Today is the second installment of my Genre Exploration series, where I discuss genres I don’t normally pick up, define them, talk about their classics and new releases, recommend books and authors, and much more.
This time I’ll be talking about Romance, which is probably the genre I avoid the most. It’s not that I hate it, but I’m usually disappointed at how the relationships are portrayed or I’m not really in the mood for it. I want to read more of it because I think that I’m missing some nice stories, so I’ll start really small by defining it and talking about some of its sub-genres. Let’s go!
Romance is a pretty straightforward genre that focuses on stories that revolve around love and romantic relationships. And I learned something quite interesting: they must end on an optimistic note, that is, have a happy ending. Romance novels that end tragically tend to be controversial because they break the rules of the genre! If you think of a romance novel that ends on a sad note, then romance is probably considered a subgenre of such book, and not the main genre.
As with every genre, Romance was many subgenres that determine in what time period they’re set, the general tone of the novel, the age of the people involved, and so on. Let’s look at some of them:
- Contemporary Romance: Set after 1945, which is marked by the end of the Second World War.
- Historical Romance: Set before 1945. It’s common to find this subgenre renamed after the specific period where the story is set, such as Medieval Romance or Victorian Romance.
- Erotic Romance: Not to be confused with Erotica, which is something all by itself and doesn’t necessarily include romance or a happy ending. Erotic romance refers to the romantic stories that explicitly include the sexual relationship between the characters, without it being the focus. Considering that, I think the Fifty Shades trilogy and the likes are Erotica, but there’s a thin line between both genres.
- Young Adult Romance: Stories where the characters are teenagers.
- Paranormal Romance: Novels where there are elements beyond scientific explanation, like ghosts, werewolves, vampires, angels, demons, etc. These type of creatures can be part of the romantic relationship or simply part of the plot.

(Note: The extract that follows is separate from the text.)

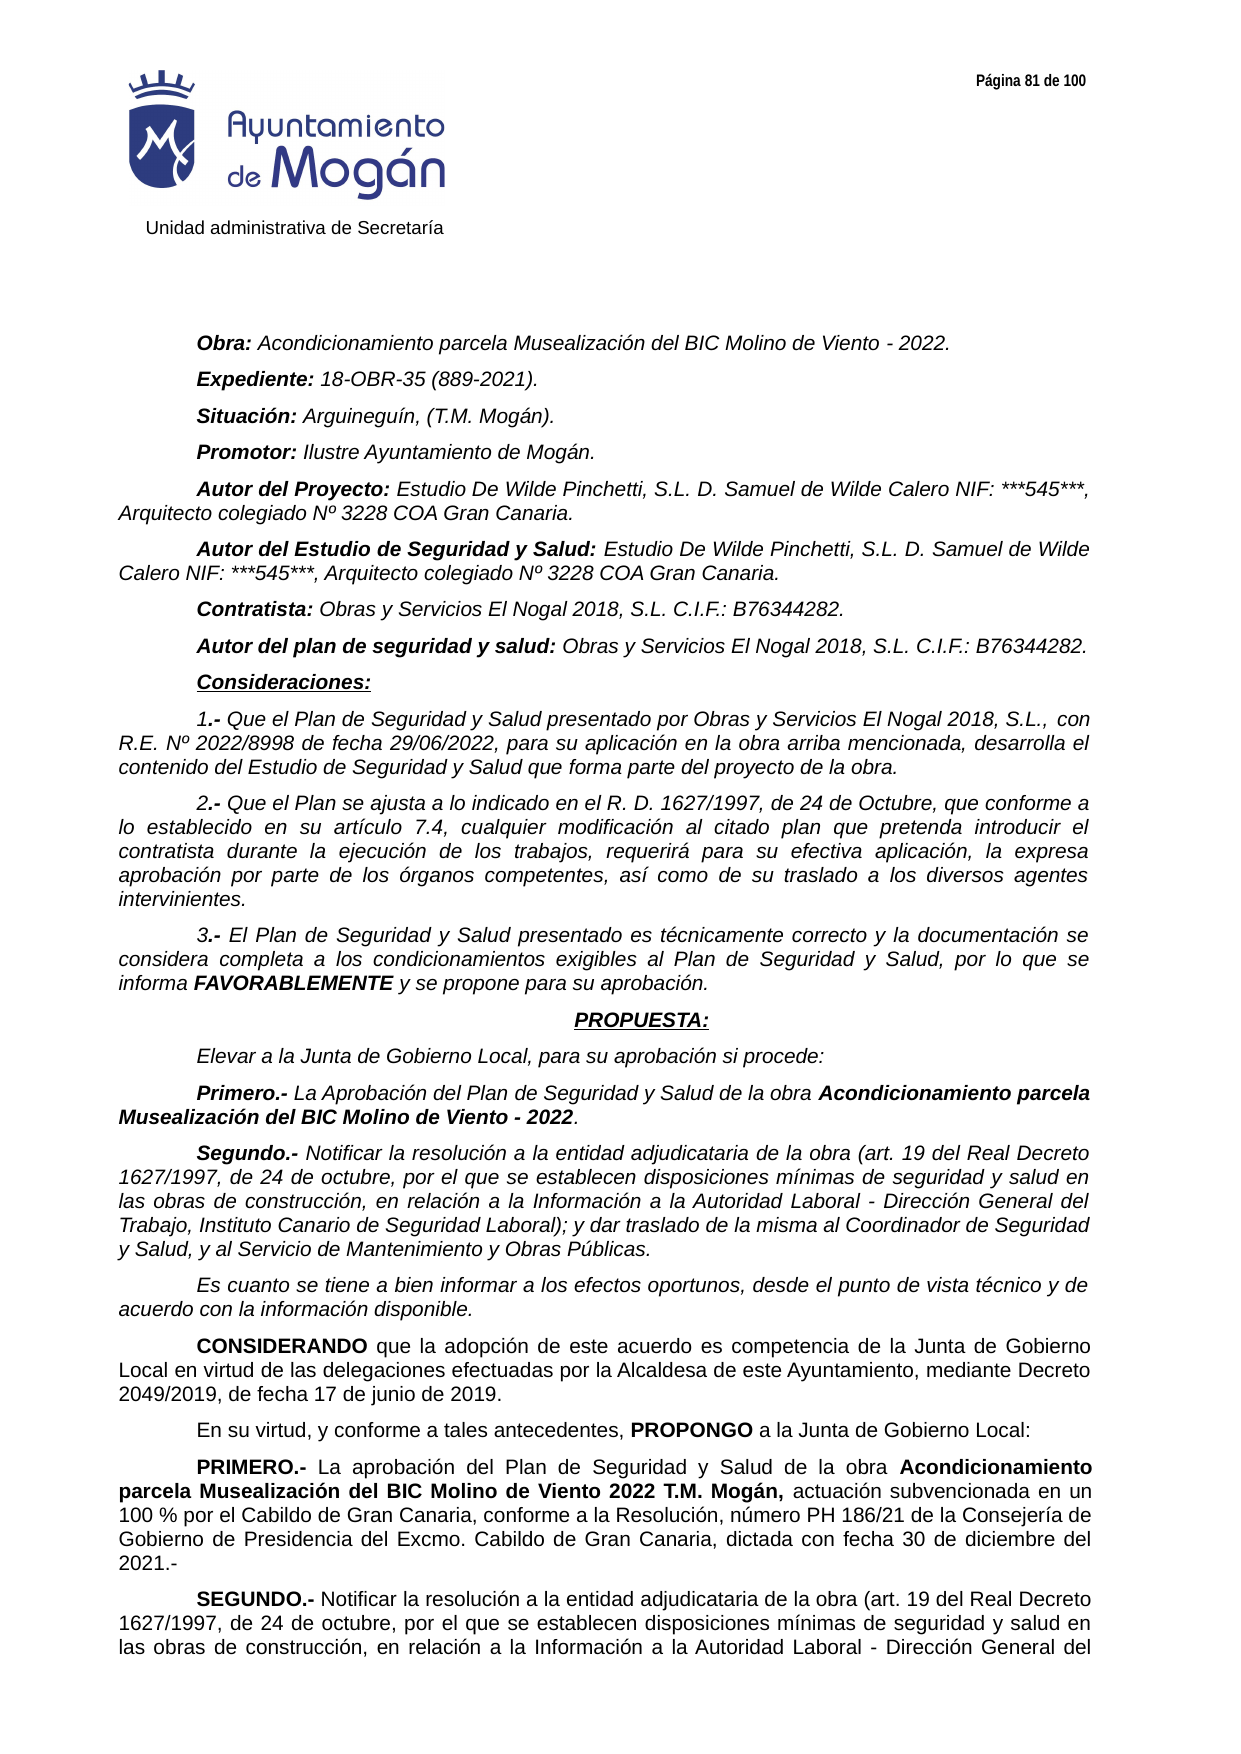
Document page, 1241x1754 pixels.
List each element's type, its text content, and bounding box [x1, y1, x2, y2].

From all these books, I’ve just read Outlander and Twilight and… I didn’t like either. I didn’t like the romance at all, so you see why I might be hesitant to pick any of these other books up. I think the best thing for me, and for anyone who doesn’t enjoy romance as a genre, is to start reading books of different genres that have romance as a subgenre. The Raven Cycle by Maggie Stiefvater is a perfect example. The books are not centered around that and I enjoyed them very much, including the romance bits.